Limitações à parte, espero que aos interessados seja dada pelo menos uma motivação a estudar o tema mais aprofundadamente.

O estudo da peste negra na Europa medieval foi algo que me absorveu quase à beira da obsessão quando tive que fazer um trabalho parecido para a faculdade, e tomei conhecimento do tema. Não sei quanto a vocês, mas nunca havia estudado isso na escola. É incrível o quanto nossos livros didáticos do ensino fundamental e médio dão pouca importância a um dos maiores eventos formadores do pensamento ocidental.

HISTÓRICO:

Sabemos hoje que a peste foi quase certamente disseminada pelos mongóis, que criaram um grande império no final do século XIII. Avançando por imensos territórios, levaram consigo também os vetores da doença. Teriam sido eles que, após a sua conquista do território chinês, foram infectados ao sul das montanhas Himalaias, já que essa região alberga até os dias atuais um dos mais antigos reservatórios de roedores infectados endemicamente.

Na Ásia, os animais de transporte e as roupas (muitas vezes feitas com couro de animais felpudos) serviam de abrigo para as pulgas infectadas. Nos veículos marítimos, os ratos eram os principais disseminadores. O intercâmbio comercial entre o Ocidente e o Oriente, reavivado a partir do século XII, explica a chegada da doença na Europa.

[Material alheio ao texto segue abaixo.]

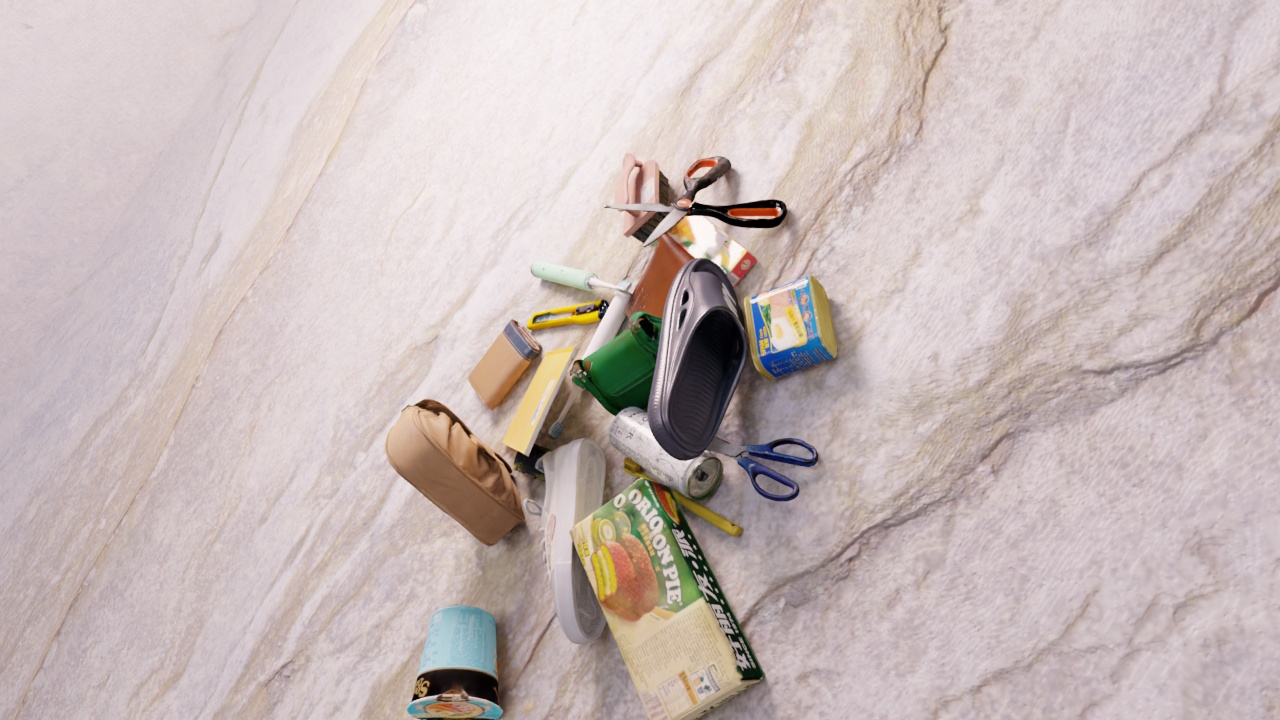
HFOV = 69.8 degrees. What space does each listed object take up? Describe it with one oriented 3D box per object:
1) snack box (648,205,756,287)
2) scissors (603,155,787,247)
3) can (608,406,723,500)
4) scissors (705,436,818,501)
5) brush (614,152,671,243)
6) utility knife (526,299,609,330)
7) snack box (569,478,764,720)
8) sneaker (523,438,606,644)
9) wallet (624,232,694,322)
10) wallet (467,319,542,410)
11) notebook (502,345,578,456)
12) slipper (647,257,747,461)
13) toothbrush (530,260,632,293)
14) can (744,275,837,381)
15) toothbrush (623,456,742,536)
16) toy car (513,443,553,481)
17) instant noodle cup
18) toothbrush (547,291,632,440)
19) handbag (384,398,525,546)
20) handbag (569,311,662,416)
[{"bbox_3d":[0.076,-0.142,1.186,0.077,0.027,0.156,-51,46,8],"label":"snack box"},{"bbox_3d":[0.073,-0.202,1.155,0.234,0.022,0.220,7,42,10],"label":"scissors"},{"bbox_3d":[0.028,0.107,1.075,0.147,0.058,0.058,29,87,44],"label":"can"},{"bbox_3d":[0.114,0.096,1.006,0.140,0.012,0.171,-27,46,-13],"label":"scissors"},{"bbox_3d":[0.001,-0.229,1.241,0.063,0.073,0.145,-39,31,32],"label":"brush"},{"bbox_3d":[-0.103,-0.063,1.296,0.154,0.015,0.033,-8,60,36],"label":"utility knife"},{"bbox_3d":[0.023,0.255,0.974,0.115,0.063,0.240,-38,59,16],"label":"snack box"},{"bbox_3d":[-0.093,0.214,1.090,0.091,0.089,0.241,-18,60,29],"label":"sneaker"},{"bbox_3d":[0.030,-0.088,1.170,0.101,0.032,0.125,49,120,45],"label":"wallet"},{"bbox_3d":[-0.197,0.006,1.326,0.115,0.033,0.090,-51,44,7],"label":"wallet"},{"bbox_3d":[-0.133,0.050,1.189,0.145,0.010,0.206,-65,13,-8],"label":"notebook"},{"bbox_3d":[0.082,-0.011,1.028,0.084,0.110,0.267,-23,39,40],"label":"slipper"},{"bbox_3d":[-0.086,-0.115,1.285,0.225,0.026,0.027,18,68,50],"label":"toothbrush"},{"bbox_3d":[0.170,-0.037,1.038,0.083,0.057,0.102,-20,57,27],"label":"can"},{"bbox_3d":[0.044,0.155,1.063,0.190,0.015,0.017,26,127,43],"label":"toothbrush"},{"bbox_3d":[-0.128,0.135,1.198,0.091,0.036,0.043,15,79,38],"label":"toy car"},{"bbox_3d":[-0.219,0.366,1.113,0.111,0.111,0.120,-24,47,27],"label":"instant noodle cup"},{"bbox_3d":[-0.068,0.006,1.225,0.026,0.026,0.221,21,81,52],"label":"toothbrush"},{"bbox_3d":[-0.230,0.137,1.172,0.100,0.204,0.147,-40,35,0],"label":"handbag"},{"bbox_3d":[-0.007,0.007,1.111,0.132,0.120,0.067,-35,48,29],"label":"handbag"}]
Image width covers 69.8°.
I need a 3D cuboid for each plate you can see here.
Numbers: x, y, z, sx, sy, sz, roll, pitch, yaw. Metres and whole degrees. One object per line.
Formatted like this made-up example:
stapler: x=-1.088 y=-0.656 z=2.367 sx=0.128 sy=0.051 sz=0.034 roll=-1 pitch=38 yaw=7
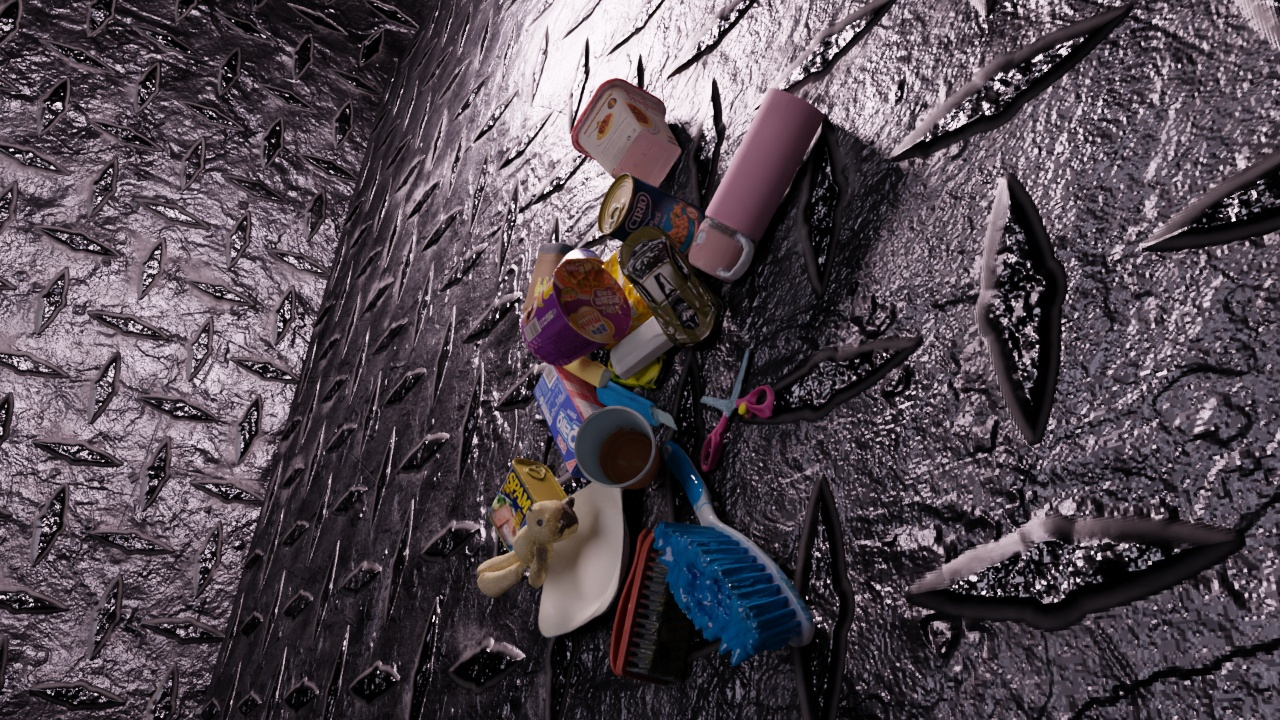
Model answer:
plate: x=-0.056 y=0.218 z=1.014 sx=0.164 sy=0.034 sz=0.164 roll=-37 pitch=41 yaw=44

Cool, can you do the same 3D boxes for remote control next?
remote control: x=0.018 y=-0.030 z=1.038 sx=0.125 sy=0.024 sz=0.049 roll=-36 pitch=39 yaw=13

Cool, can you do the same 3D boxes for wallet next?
wallet: x=-0.142 y=-0.121 z=1.400 sx=0.090 sy=0.033 sz=0.115 roll=4 pitch=77 yaw=59

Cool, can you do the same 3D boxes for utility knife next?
utility knife: x=-0.090 y=-0.003 z=1.152 sx=0.183 sy=0.019 sz=0.031 roll=27 pitch=101 yaw=44
utility knife: x=-0.006 y=0.052 z=1.054 sx=0.182 sy=0.018 sz=0.034 roll=21 pitch=128 yaw=60

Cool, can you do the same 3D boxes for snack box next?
snack box: x=-0.077 y=0.072 z=1.125 sx=0.057 sy=0.058 sz=0.207 roll=-60 pitch=29 yaw=14

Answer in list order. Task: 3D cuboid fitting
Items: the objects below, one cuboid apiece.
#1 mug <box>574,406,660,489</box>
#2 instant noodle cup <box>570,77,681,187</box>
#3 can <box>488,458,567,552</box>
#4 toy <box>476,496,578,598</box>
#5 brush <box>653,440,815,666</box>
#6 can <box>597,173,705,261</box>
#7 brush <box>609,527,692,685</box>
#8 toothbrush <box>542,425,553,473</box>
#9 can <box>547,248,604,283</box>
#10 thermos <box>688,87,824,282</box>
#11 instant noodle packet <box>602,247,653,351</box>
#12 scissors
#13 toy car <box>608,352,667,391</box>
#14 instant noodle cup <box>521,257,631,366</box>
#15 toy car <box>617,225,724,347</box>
mug: x=-0.016 y=0.094 z=0.925 sx=0.123 sy=0.078 sz=0.078 roll=56 pitch=-130 yaw=-75
instant noodle cup: x=-0.014 y=-0.295 z=1.229 sx=0.117 sy=0.116 sz=0.124 roll=-54 pitch=44 yaw=25
can: x=-0.141 y=0.186 z=1.149 sx=0.083 sy=0.057 sz=0.102 roll=-62 pitch=39 yaw=16
toy: x=-0.130 y=0.212 z=1.041 sx=0.158 sy=0.066 sz=0.105 roll=-44 pitch=19 yaw=26
brush: x=0.055 y=0.154 z=0.827 sx=0.314 sy=0.109 sz=0.061 roll=43 pitch=124 yaw=52
can: x=0.016 y=-0.163 z=1.076 sx=0.076 sy=0.111 sz=0.075 roll=-39 pitch=42 yaw=45
brush: x=0.012 y=0.226 z=0.864 sx=0.069 sy=0.063 sz=0.145 roll=-8 pitch=62 yaw=43
toothbrush: x=-0.118 y=0.082 z=1.235 sx=0.017 sy=0.014 sz=0.188 roll=-25 pitch=49 yaw=42
can: x=-0.094 y=-0.079 z=1.243 sx=0.148 sy=0.074 sz=0.049 roll=-62 pitch=26 yaw=14
thermos: x=0.121 y=-0.177 z=0.952 sx=0.199 sy=0.067 sz=0.087 roll=-63 pitch=29 yaw=7
instant noodle packet: x=-0.012 y=-0.087 z=1.140 sx=0.111 sy=0.044 sz=0.128 roll=-37 pitch=43 yaw=40
scissors: x=0.090 y=0.050 z=0.904 sx=0.133 sy=0.017 sz=0.134 roll=9 pitch=79 yaw=65
toy car: x=-0.006 y=0.006 z=1.079 sx=0.105 sy=0.032 sz=0.048 roll=8 pitch=77 yaw=59
instant noodle cup: x=-0.082 y=-0.050 z=1.089 sx=0.099 sy=0.111 sz=0.111 roll=-37 pitch=41 yaw=43
toy car: x=0.029 y=-0.082 z=1.000 sx=0.070 sy=0.042 sz=0.158 roll=-40 pitch=67 yaw=11

Em 1334 a peste já t inha causado 5.000.000 de mortes na Mongólia e no norte da China. A mortandade avançou para Mesopotâmia e Síria, cujas estradas ficaram juncadas de cadáveres dos que fugiam das cidades. No Cairo os mortos eram atirados em valas comuns e em Alexandria os cadáveres eram tantos que ficaram insepultos.

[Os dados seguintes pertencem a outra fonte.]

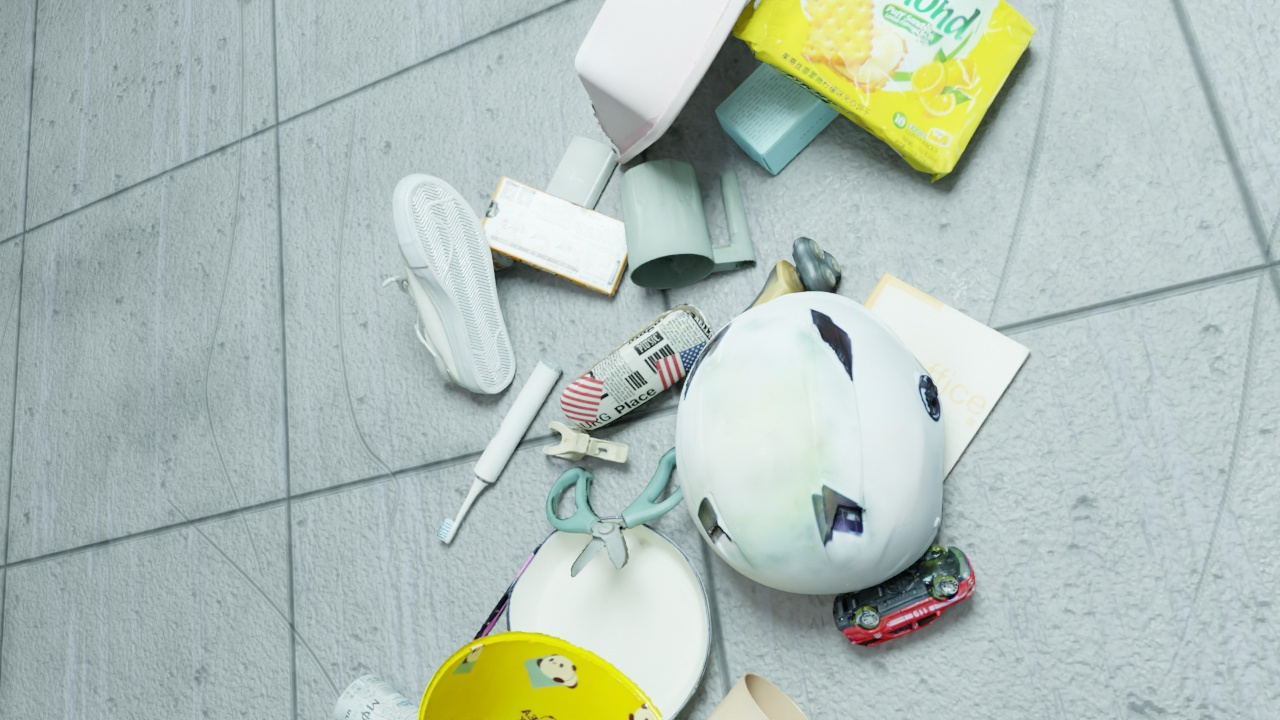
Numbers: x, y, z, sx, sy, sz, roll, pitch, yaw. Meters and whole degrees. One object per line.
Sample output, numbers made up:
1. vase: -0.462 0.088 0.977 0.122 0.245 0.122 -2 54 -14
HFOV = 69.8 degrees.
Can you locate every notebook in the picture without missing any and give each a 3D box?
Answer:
1. notebook: 0.221 0.042 0.810 0.146 0.010 0.206 35 94 27

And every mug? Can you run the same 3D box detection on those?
1. mug: 0.044 -0.135 0.901 0.124 0.084 0.103 -7 72 -5
2. mug: 0.101 0.341 0.766 0.124 0.084 0.103 39 97 0

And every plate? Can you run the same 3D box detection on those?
1. plate: -0.027 0.248 0.856 0.205 0.045 0.204 -6 75 24

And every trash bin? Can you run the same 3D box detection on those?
1. trash bin: -0.118 0.393 0.745 0.229 0.229 0.256 45 119 26

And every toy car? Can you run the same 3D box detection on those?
1. toy car: 0.218 0.195 0.754 0.121 0.052 0.045 -31 107 19

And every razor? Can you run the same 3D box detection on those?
1. razor: 0.118 -0.036 0.853 0.168 0.062 0.067 -50 34 12

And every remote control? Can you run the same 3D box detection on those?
1. remote control: -0.079 -0.167 0.987 0.058 0.021 0.150 28 90 27

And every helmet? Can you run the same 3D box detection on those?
1. helmet: 0.120 0.067 0.745 0.230 0.145 0.258 -9 85 30

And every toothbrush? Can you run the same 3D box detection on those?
1. toothbrush: -0.153 0.262 0.927 0.018 0.014 0.189 35 93 39
2. toothbrush: -0.148 0.096 0.956 0.026 0.026 0.221 32 93 5

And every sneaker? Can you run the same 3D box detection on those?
1. sneaker: -0.204 -0.077 0.936 0.091 0.242 0.089 10 38 36

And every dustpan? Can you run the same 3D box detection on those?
1. dustpan: 0.051 -0.282 0.840 0.139 0.273 0.222 29 95 16

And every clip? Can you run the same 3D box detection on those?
1. clip: -0.058 0.082 0.906 0.099 0.066 0.034 2 76 48

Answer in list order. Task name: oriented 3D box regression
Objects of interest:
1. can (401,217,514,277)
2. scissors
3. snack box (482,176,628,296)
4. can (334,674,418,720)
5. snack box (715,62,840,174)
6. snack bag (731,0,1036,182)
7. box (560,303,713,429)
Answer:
1. can: -0.199 -0.116 1.009 0.116 0.058 0.058 -15 72 21
2. scissors: -0.012 0.128 0.855 0.181 0.019 0.170 -28 28 -5
3. snack box: -0.086 -0.128 0.947 0.154 0.026 0.075 21 86 3
4. can: -0.235 0.374 0.912 0.147 0.058 0.058 25 89 27
5. snack box: 0.162 -0.269 0.886 0.175 0.051 0.074 -43 64 9
6. snack bag: 0.210 -0.279 0.799 0.246 0.068 0.158 30 92 -14
7. box: -0.006 0.007 0.879 0.163 0.087 0.076 -33 74 11

Calcula-se em 24 milhões o número de mortos nos países do Oriente.

BIOLOGIA DA MORTE:

Descoberta em 1894, o bacilo Pasturella pestis se manifesta de três formas: a pneumônica, que ataca os pulmões; a septicêmica, que infecta a corrente sangüínea; e a bubônica, a mais comum.

Em sua variação bubônica, a bactéria cai na corrente sangüínea, ataca o sistema linfático, provoca a morte de diversas células e cria dolorosos inchaços nas axilas e virilha. Com o passar do tempo, esses inchaços, conhecidos como bubões, se espalham por todo corpo.

Quando ataca o sistema circulatório, em sua variação septicêmica, o infectado tinha uma expectativa de vida de aproximadamente uma semana.

A doença também podia atingir o homem pelas vias aéreas atacando diretamente o sistema respiratório. Essa terceira versão, conhecida como peste pneumônica, tem um efeito ainda mais devastador e encurtava a vida do doente em um ou dois dias.

Yersina pestis, o vilão invisível do homem medieval

Yersina pestis, o vilão invisível do homem medieval

Os vetores do bacilo podem ser vários tipos de insetos hematófagos. O mais comum é a pulga Xenopsylla cheopis, que na época parasitava tanto o pequeno rato preto que vinha com os navios, Rattus rattus, como o rato marrom, dos esgotos. O bacilo vive alternadamente no estômago da pulga e no sangue do rato.

Xenopsylla cheopis, o hospedeiro da bactéria fatal: O grande vilão do homem medieval permaneceu invisível o tempo todo.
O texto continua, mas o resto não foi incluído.